The author recalls that the transition from communism to liberal democracy was greeted with an early enthusiasm that soon devolved into disenchantment.  As he states, any initial exuberance steadily subsided, with Legutko sensing early on that “liberal democracy significantly narrowed the area of what was permissible – [with the] sense of having many doors open and many possibilities to pursue [soon evaporating], subdued by the new rhetoric of necessity that the liberal democratic system brought with itself.”

An insight which deepened the longer he worked within that most emblematic of our institutions of modern-day liberalism: the European Parliament. He writes:

Whilst there, I saw up close what…escapes the attention of many observers. If the European Parliament is supposed to be the emanation of the spirit of today’s liberal democracy, then this spirit is certainly neither good nor beautiful: it has many bad and ugly features, some of which, unfortunately, it shares with communism.”

Even a preliminary contact…allows one to feel a stifling atmosphere typical of a political monopoly, to see the destruction of language turning into a new form of Newspeak, to observe the creation of a surreality, mostly ideological, that obfuscates the real world, to witness an uncompromising hostility against all dissidents, and to perceive many other things only too familiar to anyone who remembers the world governed by the Communist Party”.

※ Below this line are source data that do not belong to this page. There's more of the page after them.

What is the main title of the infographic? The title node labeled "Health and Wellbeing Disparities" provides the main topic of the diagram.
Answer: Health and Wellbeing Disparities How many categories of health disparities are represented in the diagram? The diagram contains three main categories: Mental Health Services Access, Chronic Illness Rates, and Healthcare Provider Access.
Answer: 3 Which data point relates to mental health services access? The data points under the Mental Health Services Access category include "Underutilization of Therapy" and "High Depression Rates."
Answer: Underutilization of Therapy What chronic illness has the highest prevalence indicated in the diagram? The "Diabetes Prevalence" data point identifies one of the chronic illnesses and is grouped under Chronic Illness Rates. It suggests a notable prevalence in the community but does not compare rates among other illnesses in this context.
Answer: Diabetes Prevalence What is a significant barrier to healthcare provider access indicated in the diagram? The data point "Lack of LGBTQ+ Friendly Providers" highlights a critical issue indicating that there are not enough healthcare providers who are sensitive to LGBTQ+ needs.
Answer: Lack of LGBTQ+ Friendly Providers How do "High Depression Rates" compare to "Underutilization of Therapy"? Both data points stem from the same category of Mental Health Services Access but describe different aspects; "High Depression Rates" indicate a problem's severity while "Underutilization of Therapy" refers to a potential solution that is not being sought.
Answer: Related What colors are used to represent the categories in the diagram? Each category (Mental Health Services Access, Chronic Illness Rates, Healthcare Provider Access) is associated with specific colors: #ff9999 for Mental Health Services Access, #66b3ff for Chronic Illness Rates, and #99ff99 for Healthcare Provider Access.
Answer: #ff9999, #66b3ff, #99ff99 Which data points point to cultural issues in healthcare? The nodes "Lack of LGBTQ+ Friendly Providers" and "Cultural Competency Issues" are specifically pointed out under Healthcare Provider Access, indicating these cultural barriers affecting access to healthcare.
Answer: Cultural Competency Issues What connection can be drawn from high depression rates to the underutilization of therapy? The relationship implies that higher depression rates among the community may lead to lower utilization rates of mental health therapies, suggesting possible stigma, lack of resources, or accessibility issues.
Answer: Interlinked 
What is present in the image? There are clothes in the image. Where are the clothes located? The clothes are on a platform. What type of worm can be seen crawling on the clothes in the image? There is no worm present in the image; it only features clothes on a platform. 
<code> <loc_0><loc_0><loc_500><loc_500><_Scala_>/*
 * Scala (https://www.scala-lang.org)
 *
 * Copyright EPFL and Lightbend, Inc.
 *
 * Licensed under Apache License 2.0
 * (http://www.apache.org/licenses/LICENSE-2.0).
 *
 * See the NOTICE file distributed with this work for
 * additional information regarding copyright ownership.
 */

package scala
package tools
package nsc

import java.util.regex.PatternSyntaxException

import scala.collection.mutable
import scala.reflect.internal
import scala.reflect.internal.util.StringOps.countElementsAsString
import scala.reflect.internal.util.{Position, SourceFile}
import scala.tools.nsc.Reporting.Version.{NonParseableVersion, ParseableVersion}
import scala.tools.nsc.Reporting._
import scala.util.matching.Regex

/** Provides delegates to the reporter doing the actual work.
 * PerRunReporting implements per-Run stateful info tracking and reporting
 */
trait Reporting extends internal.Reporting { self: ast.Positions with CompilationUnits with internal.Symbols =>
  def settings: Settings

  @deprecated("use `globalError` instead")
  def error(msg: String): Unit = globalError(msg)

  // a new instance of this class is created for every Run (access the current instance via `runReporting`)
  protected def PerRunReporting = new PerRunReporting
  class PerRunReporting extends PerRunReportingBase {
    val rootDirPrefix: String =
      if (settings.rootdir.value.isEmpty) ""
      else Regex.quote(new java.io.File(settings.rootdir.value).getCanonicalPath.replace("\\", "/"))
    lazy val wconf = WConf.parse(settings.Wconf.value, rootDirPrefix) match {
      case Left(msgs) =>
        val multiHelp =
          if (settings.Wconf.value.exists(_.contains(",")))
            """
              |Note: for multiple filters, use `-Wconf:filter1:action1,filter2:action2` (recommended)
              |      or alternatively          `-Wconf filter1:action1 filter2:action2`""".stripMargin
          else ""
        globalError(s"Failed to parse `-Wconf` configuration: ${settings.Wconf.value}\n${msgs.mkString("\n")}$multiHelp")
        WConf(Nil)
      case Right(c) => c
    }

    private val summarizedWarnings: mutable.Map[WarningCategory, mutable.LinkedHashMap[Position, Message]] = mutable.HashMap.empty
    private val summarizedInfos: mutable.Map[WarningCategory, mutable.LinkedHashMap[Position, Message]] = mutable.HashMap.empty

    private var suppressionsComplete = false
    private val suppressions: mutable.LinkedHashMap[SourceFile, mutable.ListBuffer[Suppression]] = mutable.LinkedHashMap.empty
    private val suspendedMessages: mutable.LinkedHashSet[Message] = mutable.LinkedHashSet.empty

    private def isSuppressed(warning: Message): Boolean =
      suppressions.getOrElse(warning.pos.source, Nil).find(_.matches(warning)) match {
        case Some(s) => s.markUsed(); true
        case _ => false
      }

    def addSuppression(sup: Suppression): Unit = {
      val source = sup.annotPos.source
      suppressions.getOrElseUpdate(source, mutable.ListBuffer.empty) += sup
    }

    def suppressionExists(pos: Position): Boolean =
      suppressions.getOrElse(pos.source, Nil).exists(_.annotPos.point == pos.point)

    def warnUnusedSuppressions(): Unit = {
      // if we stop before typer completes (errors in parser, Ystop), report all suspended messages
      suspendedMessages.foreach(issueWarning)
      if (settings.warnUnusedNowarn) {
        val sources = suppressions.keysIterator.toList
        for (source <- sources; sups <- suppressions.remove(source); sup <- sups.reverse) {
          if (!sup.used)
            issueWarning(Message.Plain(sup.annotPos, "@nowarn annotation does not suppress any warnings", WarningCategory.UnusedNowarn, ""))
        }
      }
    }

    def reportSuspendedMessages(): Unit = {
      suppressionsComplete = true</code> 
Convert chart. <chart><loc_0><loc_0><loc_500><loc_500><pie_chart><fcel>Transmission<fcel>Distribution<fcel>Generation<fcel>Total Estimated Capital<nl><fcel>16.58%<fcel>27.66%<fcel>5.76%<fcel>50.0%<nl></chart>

And it is this tyrannical aspect of liberal democracy to which Legutko ultimately inveighs. After some brief remarks on the eclipse of the old religion (Christianity) at the hands of the new, Legutko’s parting words are an understandable lament that liberal-democratic man – “more stubborn, more narrow-minded, and…less willing to learn from others” – has vanquished all-comers. As he adds:

With Christianity being driven out of the main tract, the liberal-democratic man – unchallenged and totally secure in his rule – will become a sole master of today’s imagination, apodictically determining the boundaries of human nature and, at the very outset, disavowing everything that dares to reach beyond his narrow perspective.” A sad state whereby “the liberal democrat will reign over human aspirations like a tyrant”.

In this regard, Legutko’s remarks echo the German proto-fascist-democratic-dissident, Ernst Junger, who ‘hated democracy like the plague’ and saw the triumph of America-led liberalism as an utter catastrophe. A posture which is also evident in Junger’s compatriot and near contemporary, Martin Heidegger, and in his notion of the ‘darkening of the world.’

Yet it’s perhaps the most famous German theorist of all, Friedrich Nietzsche, to whom we should finally turn and in whose light Legutko ends the book. Largely accepting the popularised Hegelianism of Fukuyama – that there’s no alternative to liberal democracy – Legutko nevertheless muses over whether our current status as Zaruthustrian ‘Last Men’ is a concession we must make to live in this best of all possible worlds or an indictment of our political and spiritual poverty.

As he concludes, the perpetuation of liberal democracy “would be, for some, a comforting testimony that man finally learned to live in sustainable harmony with his nature. For others, it will be a final confirmation that his mediocrity is inveterate.”

A more accurate precis of our current situation I’ve yet to see, and one of many such reasons to read this most wonderful of books.